Simplified Models for LHC New Physics Searches
5/13/2011
946 citations (666 excluding self-citations) as of early 2026. The most-cited paper I have been involved with.
The Problem
By 2010, LHC searches for new physics were being designed, performed, and presented in terms of hypothetical models’ fundamental parameters, often evaluated at the GUT scale. The dominant approach used ad hoc ansatze like the CMSSM/mSUGRA assumptions to reduce the MSSM’s 100+ free parameters to 4-5. These constrained scenarios had immense institutional support: analyses were optimized, benchmark points were agreed upon, and the collaborations had years of experience with them.
The danger was that this approach obscured the physical parameters actually being searched for. Analyses designed to identify complex particle spectra predicted by the CMSSM or similar theoretically motivated scenarios might not be sufficiently inclusive. If nature produced new physics with a spectrum that didn’t match the benchmarks, searches optimized for those benchmarks could miss it. The experiments risked looking under the lamppost rather than figuring out how to separate signal from background for broad classes of new particles.
Simplified models reframed the question. Instead of starting from a UV-complete theory and working down, they started from the collider signature and worked up: effective Lagrangians with just a few new particles, where the only free parameters are masses and production cross-sections that map directly to measurable quantities. The shift was from “what does this theory predict?” to “what can this search see?”
The Approach
The paper catalogs simplified models organized by experimental signature rather than by theoretical origin. The major categories are jets plus missing energy, heavy flavor (tops, bottoms, taus), leptons, photons, and exotic signatures like displaced vertices and high multiplicity final states. Each model specifies a minimal particle content, a production mechanism, and a decay topology. A gluino decaying through an off-shell squark to jets and a neutralino, for instance, is fully characterized by the gluino mass, the neutralino mass, and the production cross-section. An experimentalist can set limits on this two-dimensional mass plane, and a theorist working with any UV completion that produces the same topology can read off constraints directly.
The key innovation was organizational, not computational: mapping the space of possible signatures systematically and defining a common language for presenting results.
Impact
The simplified model framework became the default language for LHC new-physics searches. Of the paper’s 946 citations, roughly half are ATLAS and CMS experimental analyses that present their results on simplified model mass planes. When CMS published its comprehensive “Interpretation of Searches for Supersymmetry with Simplified Models” (261 citations), it codified the approach as official CMS methodology. ATLAS’s summary papers on squark and gluino searches adopted the same framework.

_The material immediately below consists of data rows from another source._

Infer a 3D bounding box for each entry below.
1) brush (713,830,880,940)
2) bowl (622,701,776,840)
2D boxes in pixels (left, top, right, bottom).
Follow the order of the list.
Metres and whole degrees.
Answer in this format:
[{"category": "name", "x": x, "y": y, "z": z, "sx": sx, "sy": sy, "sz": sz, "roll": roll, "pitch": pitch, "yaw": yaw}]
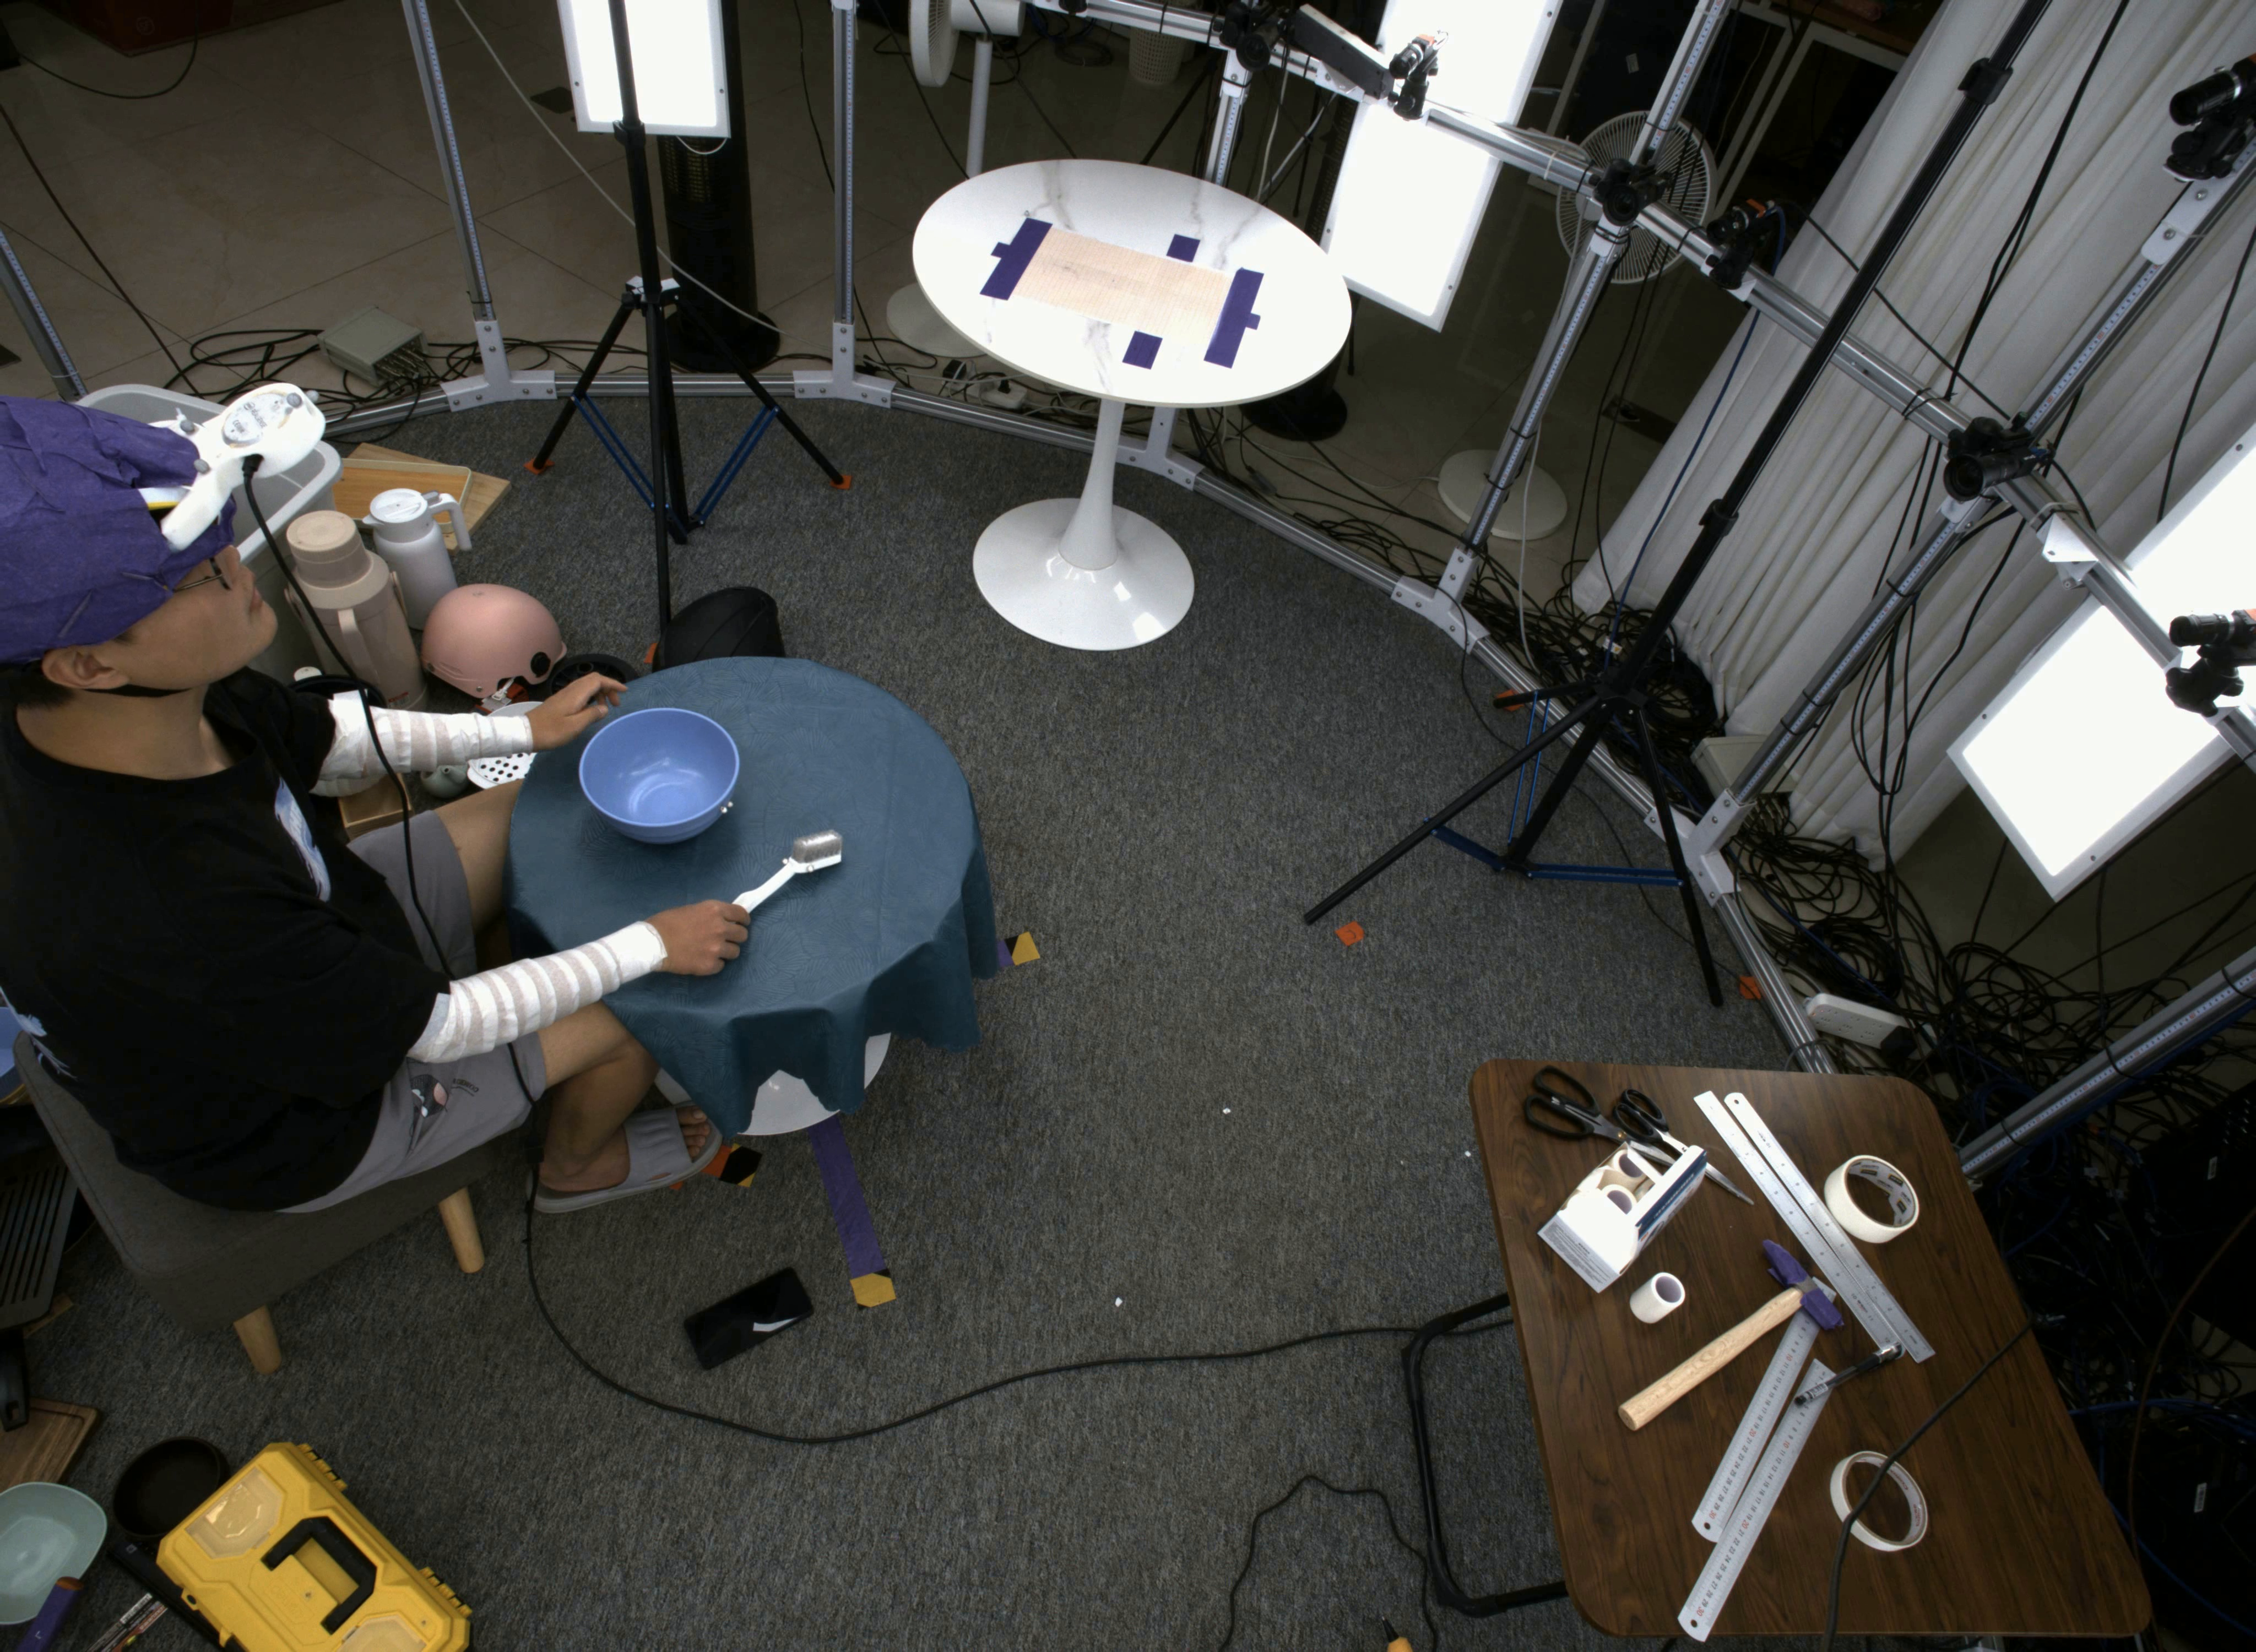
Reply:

The paper also spawned an ecosystem of reinterpretation tools. CheckMATE (363 citations), SModelS (228 citations), and MadAnalysis 5’s public analysis database (217 citations) were all built to work with simplified model limits, allowing theorists to test new models against existing experimental results without re-running detector simulations. These tools would not exist without a standardized format for presenting limits.
The approach extended beyond supersymmetry. The dark matter community adopted simplified models as their primary framework for LHC searches, producing the “Dark Matter Benchmark Models for Early LHC Run-2 Searches” (776 citations) and “Simplified Models for Dark Matter Searches at the LHC” (503 citations). Both papers cite this work as foundational and extend the simplified model methodology to dark matter mediators, effective field theory comparisons, and mono-X signatures. The Particle Data Group’s Review of Particle Physics cites the paper in its discussion of BSM search methodology.
The paper’s influence is less a citation count than a standard adopted by an entire field. Fifteen years later, every ATLAS and CMS search for new physics publishes limits on simplified model mass planes. The framework outlasted the specific models it was designed to test.
Recollections
The workshop grew out of a joint ATLAS/CMS/Theory meeting at CERN in June 2010, where the experiments made a direct request: they needed representative topologies from the theory community to ensure their searches covered the relevant phase space. It had been nearly a decade since theorists had systematically proposed signatures to cover a broad range of new physics, and the LHC was about to deliver real data.
I organized the “Topologies for Early LHC Searches” workshop at SLAC, September 22-25, 2010, together with Mariangela Lisanti, Rouven Essig, Tim Tait, Natalia Toro, and Philip Schuster. About 100 theorists and experimentalists attended. We split into working groups by signature type: I led Jets, Mariangela took Leptons, Philip handled Photons, Natalia covered Heavy Flavor, Tim ran Exotica, and Rouven managed Taus. Each group cataloged its simplified models with codes (J.005 for a jet topology, E.002 for an exotic signature) on lhcnewphysics.org, which served as the living document before the paper was finalized.
We presented a draft at a follow-up CERN meeting in November 2010 and posted the final paper to arXiv in May 2011. Coordinating 95 authors and producing a coherent document from a workshop’s worth of parallel sessions was its own challenge. Getting the notation and conventions consistent across all the topologies required more editorial work than any physics calculation.
What I’m most proud of is not the paper itself but the translation layer it created between theory and experiment. That was the point, and it worked.